• _Try it_: As the answer, give every line of the records that includes the word "font".

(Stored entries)
· · · · · · ·
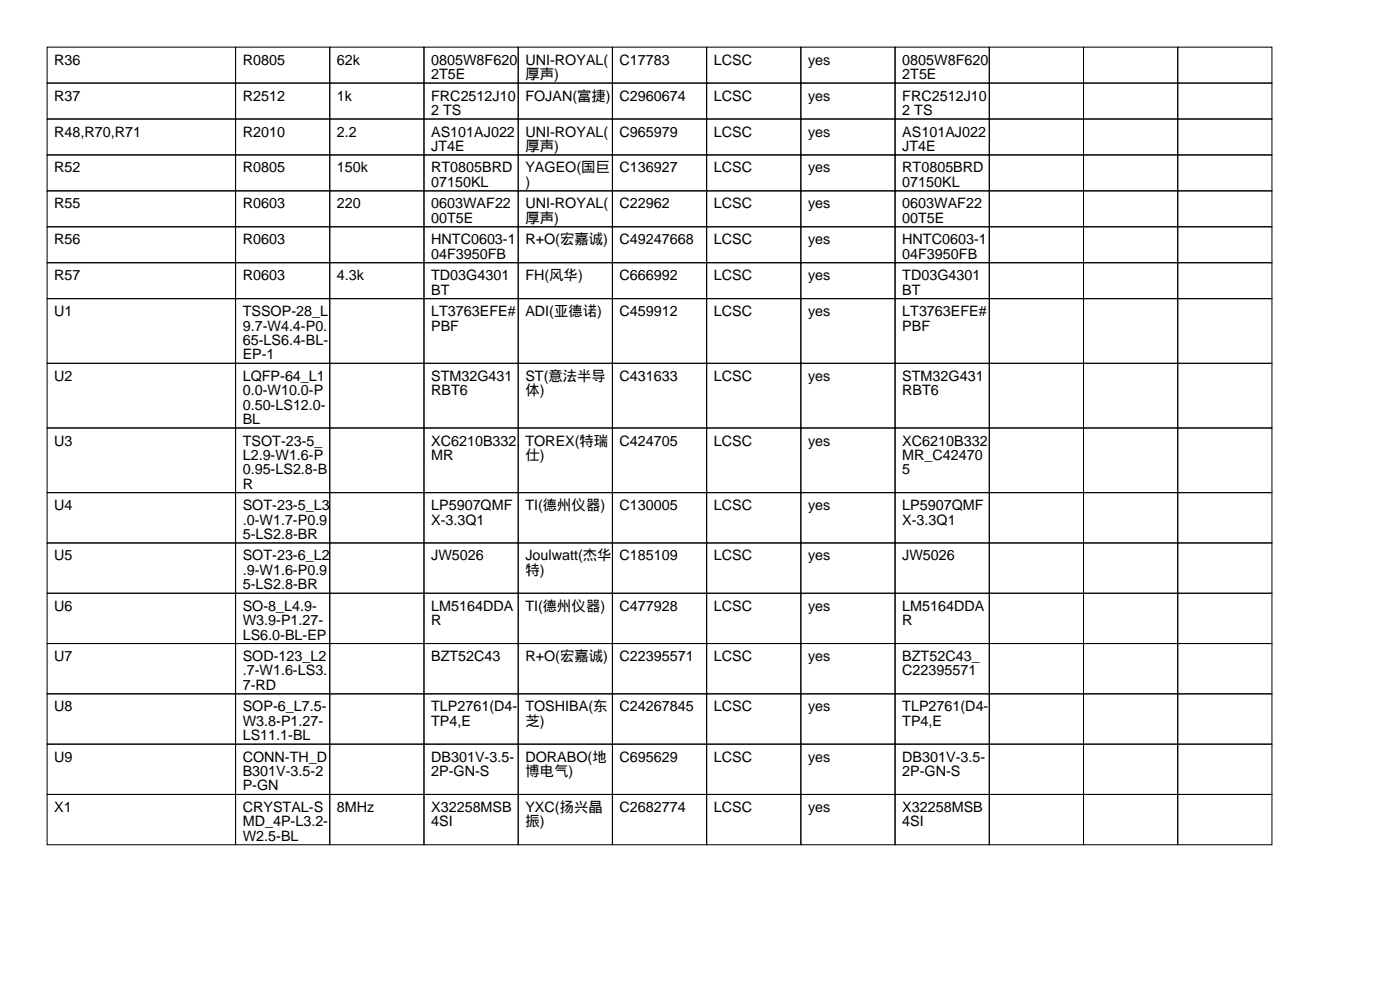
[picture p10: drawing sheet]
<svg xmlns="http://www.w3.org/2000/svg" width="297mm" height="210mm" viewBox="0 0 297 210" stroke-linecap="round" stroke-linejoin="round" font-family="sans-serif">
<defs><g id="words">
<g font-size="3">
<text x="11.5" y="13.7">R36</text>
<text x="51.5" y="13.7">R0805</text>
<text x="71.5" y="13.7">62k</text>
<text x="91.5" y="13.7">0805W8F620</text>
<text x="91.5" y="16.8">2T5E</text>
<text x="111.5" y="13.7">UNI-ROYAL(</text>
<text x="111.5" y="16.8">厚声)</text>
<text x="131.5" y="13.7">C17783</text>
<text x="151.5" y="13.7">LCSC</text>
<text x="171.5" y="13.7">yes</text>
<text x="191.5" y="13.7">0805W8F620</text>
<text x="191.5" y="16.8">2T5E</text>
<text x="11.5" y="21.3">R37</text>
<text x="51.5" y="21.3">R2512</text>
<text x="71.5" y="21.3">1k</text>
<text x="91.5" y="21.3">FRC2512J10</text>
<text x="111.5" y="21.3">FOJAN(富捷)</text>
<text x="131.5" y="21.3">C2960674</text>
<text x="151.5" y="21.3">LCSC</text>
<text x="171.5" y="21.3">yes</text>
<text x="191.5" y="21.3">FRC2512J10</text>
<text x="11.5" y="29">R48,R70,R71</text>
<text x="51.5" y="29">R2010</text>
<text x="71.5" y="29">2.2</text>
<text x="91.5" y="24.4">2 TS</text>
<text x="91.5" y="29">AS101AJ022</text>
<text x="111.5" y="29">UNI-ROYAL(</text>
<text x="131.5" y="29">C965979</text>
<text x="151.5" y="29">LCSC</text>
<text x="171.5" y="29">yes</text>
<text x="191.5" y="24.4">2 TS</text>
<text x="191.5" y="29">AS101AJ022</text>
<text x="91.5" y="32">JT4E</text>
<text x="111.5" y="32">厚声)</text>
<text x="191.5" y="32">JT4E</text>
<text x="11.5" y="36.6">R52</text>
<text x="51.5" y="36.6">R0805</text>
<text x="71.5" y="36.6">150k</text>
<text x="91.5" y="36.6">RT0805BRD</text>
<text x="91.5" y="39.6">07150KL</text>
<text x="111.5" y="36.6">YAGEO(国巨</text>
<text x="111.5" y="39.6">)</text>
<text x="131.5" y="36.6">C136927</text>
<text x="151.5" y="36.6">LCSC</text>
<text x="171.5" y="36.6">yes</text>
<text x="191.5" y="36.6">RT0805BRD</text>
<text x="191.5" y="39.6">07150KL</text>
<text x="11.5" y="44.2">R55</text>
<text x="51.5" y="44.2">R0603</text>
<text x="71.5" y="44.2">220</text>
<text x="91.5" y="44.2">0603WAF22</text>
<text x="91.5" y="47.2">00T5E</text>
<text x="111.5" y="44.2">UNI-ROYAL(</text>
<text x="111.5" y="47.2">厚声)</text>
<text x="131.5" y="44.2">C22962</text>
<text x="151.5" y="44.2">LCSC</text>
<text x="171.5" y="44.2">yes</text>
<text x="191.5" y="44.2">0603WAF22</text>
<text x="191.5" y="47.2">00T5E</text>
<text x="11.5" y="51.8">R56</text>
<text x="51.5" y="51.8">R0603</text>
<text x="91.5" y="51.8">HNTC0603-1</text>
<text x="111.5" y="51.8">R+O(宏嘉诚)</text>
<text x="131.5" y="51.8">C49247668</text>
<text x="151.5" y="51.8">LCSC</text>
<text x="171.5" y="51.8">yes</text>
<text x="191.5" y="51.8">HNTC0603-1</text>
<text x="11.5" y="59.4">R57</text>
<text x="51.5" y="59.4">R0603</text>
<text x="71.5" y="59.4">4.3k</text>
<text x="91.5" y="54.9">04F3950FB</text>
<text x="91.5" y="59.4">TD03G4301</text>
<text x="111.5" y="59.4">FH(风华)</text>
<text x="131.5" y="59.4">C666992</text>
<text x="151.5" y="59.4">LCSC</text>
<text x="171.5" y="59.4">yes</text>
<text x="191.5" y="54.9">04F3950FB</text>
<text x="191.5" y="59.4">TD03G4301</text>
<text x="91.5" y="62.5">BT</text>
<text x="191.5" y="62.5">BT</text>
<text x="11.5" y="67.1">U1</text>
<text x="51.5" y="67.1">TSSOP-28_L</text>
<text x="51.5" y="70.1">9.7-W4.4-P0.</text>
<text x="91.5" y="67.1">LT3763EFE#</text>
<text x="91.5" y="70.1">PBF</text>
<text x="111.5" y="67.1">ADI(亚德诺)</text>
<text x="131.5" y="67.1">C459912</text>
<text x="151.5" y="67.1">LCSC</text>
<text x="171.5" y="67.1">yes</text>
<text x="191.5" y="67.1">LT3763EFE#</text>
<text x="191.5" y="70.1">PBF</text>
<text x="51.5" y="73.2">65-LS6.4-BL-</text>
<text x="51.5" y="76.2">EP-1</text>
<text x="11.5" y="80.8">U2</text>
<text x="51.5" y="80.8">LQFP-64_L1</text>
<text x="51.5" y="83.8">0.0-W10.0-P</text>
<text x="91.5" y="80.8">STM32G431</text>
<text x="91.5" y="83.8">RBT6</text>
<text x="111.5" y="80.8">ST(意法半导</text>
<text x="111.5" y="83.8">体)</text>
<text x="131.5" y="80.8">C431633</text>
<text x="151.5" y="80.8">LCSC</text>
<text x="171.5" y="80.8">yes</text>
<text x="191.5" y="80.8">STM32G431</text>
<text x="191.5" y="83.8">RBT6</text>
<text x="51.5" y="86.9">0.50-LS12.0-</text>
<text x="51.5" y="89.9">BL</text>
<text x="11.5" y="94.5">U3</text>
<text x="51.5" y="94.5">TSOT-23-5_</text>
<text x="91.5" y="94.5">XC6210B332</text>
<text x="111.5" y="94.5">TOREX(特瑞</text>
<text x="131.5" y="94.5">C424705</text>
<text x="151.5" y="94.5">LCSC</text>
<text x="171.5" y="94.5">yes</text>
<text x="191.5" y="94.5">XC6210B332</text>
<text x="51.5" y="97.5">L2.9-W1.6-P</text>
<text x="51.5" y="100.6">0.95-LS2.8-B</text>
<text x="91.5" y="97.5">MR</text>
<text x="111.5" y="97.5">仕)</text>
<text x="191.5" y="97.5">MR_C42470</text>
<text x="191.5" y="100.6">5</text>
<text x="51.5" y="103.6">R</text>
<text x="11.5" y="108.2">U4</text>
<text x="51.5" y="108.2">SOT-23-5_L3</text>
<text x="51.5" y="111.3">.0-W1.7-P0.9</text>
<text x="91.5" y="108.2">LP5907QMF</text>
<text x="91.5" y="111.3">X-3.3Q1</text>
<text x="111.5" y="108.2">TI(德州仪器)</text>
<text x="131.5" y="108.2">C130005</text>
<text x="151.5" y="108.2">LCSC</text>
<text x="171.5" y="108.2">yes</text>
<text x="191.5" y="108.2">LP5907QMF</text>
<text x="191.5" y="111.3">X-3.3Q1</text>
<text x="11.5" y="118.9">U5</text>
<text x="51.5" y="114.3">5-LS2.8-BR</text>
<text x="51.5" y="118.9">SOT-23-6_L2</text>
<text x="91.5" y="118.9">JW5026</text>
<text x="111.5" y="118.9">Joulwatt(杰华</text>
<text x="131.5" y="118.9">C185109</text>
<text x="151.5" y="118.9">LCSC</text>
<text x="171.5" y="118.9">yes</text>
<text x="191.5" y="118.9">JW5026</text>
<text x="51.5" y="121.9">.9-W1.6-P0.9</text>
<text x="51.5" y="125">5-LS2.8-BR</text>
<text x="111.5" y="121.9">特)</text>
<text x="11.5" y="129.5">U6</text>
<text x="51.5" y="129.5">SO-8_L4.9-</text>
<text x="91.5" y="129.5">LM5164DDA</text>
<text x="111.5" y="129.5">TI(德州仪器)</text>
<text x="131.5" y="129.5">C477928</text>
<text x="151.5" y="129.5">LCSC</text>
<text x="171.5" y="129.5">yes</text>
<text x="191.5" y="129.5">LM5164DDA</text>
<text x="51.5" y="132.6">W3.9-P1.27-</text>
<text x="51.5" y="135.6">LS6.0-BL-EP</text>
<text x="91.5" y="132.6">R</text>
<text x="191.5" y="132.6">R</text>
<text x="11.5" y="140.2">U7</text>
<text x="51.5" y="140.2">SOD-123_L2</text>
<text x="51.5" y="143.3">.7-W1.6-LS3.</text>
<text x="91.5" y="140.2">BZT52C43</text>
<text x="111.5" y="140.2">R+O(宏嘉诚)</text>
<text x="131.5" y="140.2">C22395571</text>
<text x="151.5" y="140.2">LCSC</text>
<text x="171.5" y="140.2">yes</text>
<text x="191.5" y="140.2">BZT52C43_</text>
<text x="191.5" y="143.3">C22395571</text>
<text x="51.5" y="146.3">7-RD</text>
<text x="11.5" y="150.9">U8</text>
<text x="51.5" y="150.9">SOP-6_L7.5-</text>
<text x="51.5" y="153.9">W3.8-P1.27-</text>
<text x="91.5" y="150.9">TLP2761(D4-</text>
<text x="91.5" y="153.9">TP4,E</text>
<text x="111.5" y="150.9">TOSHIBA(东</text>
<text x="111.5" y="153.9">芝)</text>
<text x="131.5" y="150.9">C24267845</text>
<text x="151.5" y="150.9">LCSC</text>
<text x="171.5" y="150.9">yes</text>
<text x="191.5" y="150.9">TLP2761(D4-</text>
<text x="191.5" y="153.9">TP4,E</text>
<text x="11.5" y="161.5">U9</text>
<text x="51.5" y="157">LS11.1-BL</text>
<text x="51.5" y="161.5">CONN-TH_D</text>
<text x="91.5" y="161.5">DB301V-3.5-</text>
<text x="111.5" y="161.5">DORABO(地</text>
<text x="131.5" y="161.5">C695629</text>
<text x="151.5" y="161.5">LCSC</text>
<text x="171.5" y="161.5">yes</text>
<text x="191.5" y="161.5">DB301V-3.5-</text>
<text x="51.5" y="164.6">B301V-3.5-2</text>
<text x="51.5" y="167.6">P-GN</text>
<text x="91.5" y="164.6">2P-GN-S</text>
<text x="111.5" y="164.6">博电气)</text>
<text x="191.5" y="164.6">2P-GN-S</text>
<text x="11.5" y="172.2">X1</text>
<text x="51.5" y="172.2">CRYSTAL-S</text>
<text x="71.5" y="172.2">8MHz</text>
<text x="91.5" y="172.2">X32258MSB</text>
<text x="111.5" y="172.2">YXC(扬兴晶</text>
<text x="131.5" y="172.2">C2682774</text>
<text x="151.5" y="172.2">LCSC</text>
<text x="171.5" y="172.2">yes</text>
<text x="191.5" y="172.2">X32258MSB</text>
<text x="51.5" y="175.3">MD_4P-L3.2-</text>
<text x="51.5" y="178.3">W2.5-BL</text>
<text x="91.5" y="175.3">4SI</text>
<text x="111.5" y="175.3">振)</text>
<text x="191.5" y="175.3">4SI</text>
</g>
</g></defs>
<g fill="none" stroke="#000" stroke-width=".21">
<path d="M10 10h40v7.6h-40zM10 17.6h40v7.6h-40zM50 10h20v7.6h-20zM50 17.6h20v7.6h-20zM70 10h20v7.6h-20zM70 17.6h20v7.6h-20zM90 10h20v7.6h-20zM90 17.6h20v7.6h-20zM110 10h20v7.6h-20zM110 17.6h20v7.6h-20zM130 10h20v7.6h-20zM130 17.6h20v7.6h-20z"/>
<path d="M150 10h20v7.6h-20zM150 17.6h20v7.6h-20zM170 10h20v7.6h-20zM170 17.6h20v7.6h-20zM190 10h20v7.6h-20zM190 17.6h20v7.6h-20zM210 10h20v7.6h-20zM210 17.6h20v7.6h-20zM230 10h20v7.6h-20zM230 17.6h20v7.6h-20zM250 10h20v7.6h-20zM250 17.6h20v7.6h-20z"/>
<path d="M10 25.2h40v7.7h-40zM10 32.9h40v7.6h-40zM50 25.2h20v7.7h-20zM50 32.9h20v7.6h-20zM70 25.2h20v7.7h-20zM70 32.9h20v7.6h-20zM90 25.2h20v7.7h-20zM90 32.9h20v7.6h-20zM110 25.2h20v7.7h-20zM110 32.9h20v7.6h-20zM130 25.2h20v7.7h-20zM130 32.9h20v7.6h-20z"/>
<path d="M150 25.2h20v7.7h-20zM150 32.9h20v7.6h-20zM170 25.2h20v7.7h-20zM170 32.9h20v7.6h-20zM190 25.2h20v7.7h-20zM190 32.9h20v7.6h-20zM210 25.2h20v7.7h-20zM210 32.9h20v7.6h-20zM230 25.2h20v7.7h-20zM230 32.9h20v7.6h-20zM250 25.2h20v7.7h-20zM250 32.9h20v7.6h-20z"/>
<path d="M10 40.5h40v7.6h-40zM10 48.1h40v7.6h-40zM10 55.7h40v7.6h-40zM50 40.5h20v7.6h-20zM50 48.1h20v7.6h-20zM50 55.7h20v7.6h-20zM70 40.5h20v7.6h-20zM70 48.1h20v7.6h-20zM70 55.7h20v7.6h-20zM90 40.5h20v7.6h-20zM90 48.1h20v7.6h-20zM90 55.7h20v7.6h-20z"/>
<path d="M110 40.5h20v7.6h-20zM110 48.1h20v7.6h-20zM110 55.7h20v7.6h-20zM130 40.5h20v7.6h-20zM130 48.1h20v7.6h-20zM130 55.7h20v7.6h-20zM150 40.5h20v7.6h-20zM150 48.1h20v7.6h-20zM150 55.7h20v7.6h-20zM170 40.5h20v7.6h-20zM170 48.1h20v7.6h-20zM170 55.7h20v7.6h-20z"/>
<path d="M190 40.5h20v7.6h-20zM190 48.1h20v7.6h-20zM190 55.7h20v7.6h-20zM210 40.5h20v7.6h-20zM210 48.1h20v7.6h-20zM210 55.7h20v7.6h-20zM230 40.5h20v7.6h-20zM230 48.1h20v7.6h-20zM230 55.7h20v7.6h-20zM250 40.5h20v7.6h-20zM250 48.1h20v7.6h-20zM250 55.7h20v7.6h-20z"/>
<path d="M10 63.3h40v13.8h-40zM10 77.1h40v13.7h-40zM50 63.3h20v13.8h-20zM50 77.1h20v13.7h-20zM70 63.3h20v13.8h-20zM70 77.1h20v13.7h-20zM90 63.3h20v13.8h-20zM90 77.1h20v13.7h-20zM110 63.3h20v13.8h-20zM110 77.1h20v13.7h-20zM130 63.3h20v13.8h-20zM130 77.1h20v13.7h-20z"/>
<path d="M150 63.3h20v13.8h-20zM150 77.1h20v13.7h-20zM170 63.3h20v13.8h-20zM170 77.1h20v13.7h-20zM190 63.3h20v13.8h-20zM190 77.1h20v13.7h-20zM210 63.3h20v13.8h-20zM210 77.1h20v13.7h-20zM230 63.3h20v13.8h-20zM230 77.1h20v13.7h-20zM250 63.3h20v13.8h-20zM250 77.1h20v13.7h-20z"/>
<path d="M10 90.8h40v13.7h-40zM50 90.8h20v13.7h-20zM70 90.8h20v13.7h-20zM90 90.8h20v13.7h-20zM110 90.8h20v13.7h-20zM130 90.8h20v13.7h-20zM150 90.8h20v13.7h-20zM170 90.8h20v13.7h-20zM190 90.8h20v13.7h-20zM210 90.8h20v13.7h-20zM230 90.8h20v13.7h-20zM250 90.8h20v13.7h-20z"/>
<path d="M10 104.5h40v10.7h-40zM10 115.2h40v10.6h-40zM50 104.5h20v10.7h-20zM50 115.2h20v10.6h-20zM70 104.5h20v10.7h-20zM70 115.2h20v10.6h-20zM90 104.5h20v10.7h-20zM90 115.2h20v10.6h-20zM110 104.5h20v10.7h-20zM110 115.2h20v10.6h-20zM130 104.5h20v10.7h-20zM130 115.2h20v10.6h-20z"/>
<path d="M150 104.5h20v10.7h-20zM150 115.2h20v10.6h-20zM170 104.5h20v10.7h-20zM170 115.2h20v10.6h-20zM190 104.5h20v10.7h-20zM190 115.2h20v10.6h-20zM210 104.5h20v10.7h-20zM210 115.2h20v10.6h-20zM230 104.5h20v10.7h-20zM230 115.2h20v10.6h-20zM250 104.5h20v10.7h-20zM250 115.2h20v10.6h-20z"/>
<path d="M10 125.8h40v10.7h-40zM10 136.5h40v10.7h-40zM50 125.8h20v10.7h-20zM50 136.5h20v10.7h-20zM70 125.8h20v10.7h-20zM70 136.5h20v10.7h-20zM90 125.8h20v10.7h-20zM90 136.5h20v10.7h-20zM110 125.8h20v10.7h-20zM110 136.5h20v10.7h-20zM130 125.8h20v10.7h-20zM130 136.5h20v10.7h-20z"/>
<path d="M150 125.8h20v10.7h-20zM150 136.5h20v10.7h-20zM170 125.8h20v10.7h-20zM170 136.5h20v10.7h-20zM190 125.8h20v10.7h-20zM190 136.5h20v10.7h-20zM210 125.8h20v10.7h-20zM210 136.5h20v10.7h-20zM230 125.8h20v10.7h-20zM230 136.5h20v10.7h-20zM250 125.8h20v10.7h-20zM250 136.5h20v10.7h-20z"/>
<path d="M10 147.2h40v10.6h-40zM10 157.8h40v10.7h-40zM50 147.2h20v10.6h-20zM50 157.8h20v10.7h-20zM70 147.2h20v10.6h-20zM70 157.8h20v10.7h-20zM90 147.2h20v10.6h-20zM90 157.8h20v10.7h-20zM110 147.2h20v10.6h-20zM110 157.8h20v10.7h-20zM130 147.2h20v10.6h-20zM130 157.8h20v10.7h-20z"/>
<path d="M150 147.2h20v10.6h-20zM150 157.8h20v10.7h-20zM170 147.2h20v10.6h-20zM170 157.8h20v10.7h-20zM190 147.2h20v10.6h-20zM190 157.8h20v10.7h-20zM210 147.2h20v10.6h-20zM210 157.8h20v10.7h-20zM230 147.2h20v10.6h-20zM230 157.8h20v10.7h-20zM250 147.2h20v10.6h-20zM250 157.8h20v10.7h-20z"/>
<path d="M10 168.5h40v10.7h-40zM50 168.5h20v10.7h-20zM70 168.5h20v10.7h-20zM90 168.5h20v10.7h-20zM110 168.5h20v10.7h-20zM130 168.5h20v10.7h-20zM150 168.5h20v10.7h-20zM170 168.5h20v10.7h-20zM190 168.5h20v10.7h-20zM210 168.5h20v10.7h-20zM230 168.5h20v10.7h-20zM250 168.5h20v10.7h-20z"/>
</g>
<use href="#words"/>
</svg>
· · · · · · ·
• _Solved problem_:
<svg xmlns="http://www.w3.org/2000/svg" width="297mm" height="210mm" viewBox="0 0 297 210" stroke-linecap="round" stroke-linejoin="round" font-family="sans-serif">
<g font-size="3">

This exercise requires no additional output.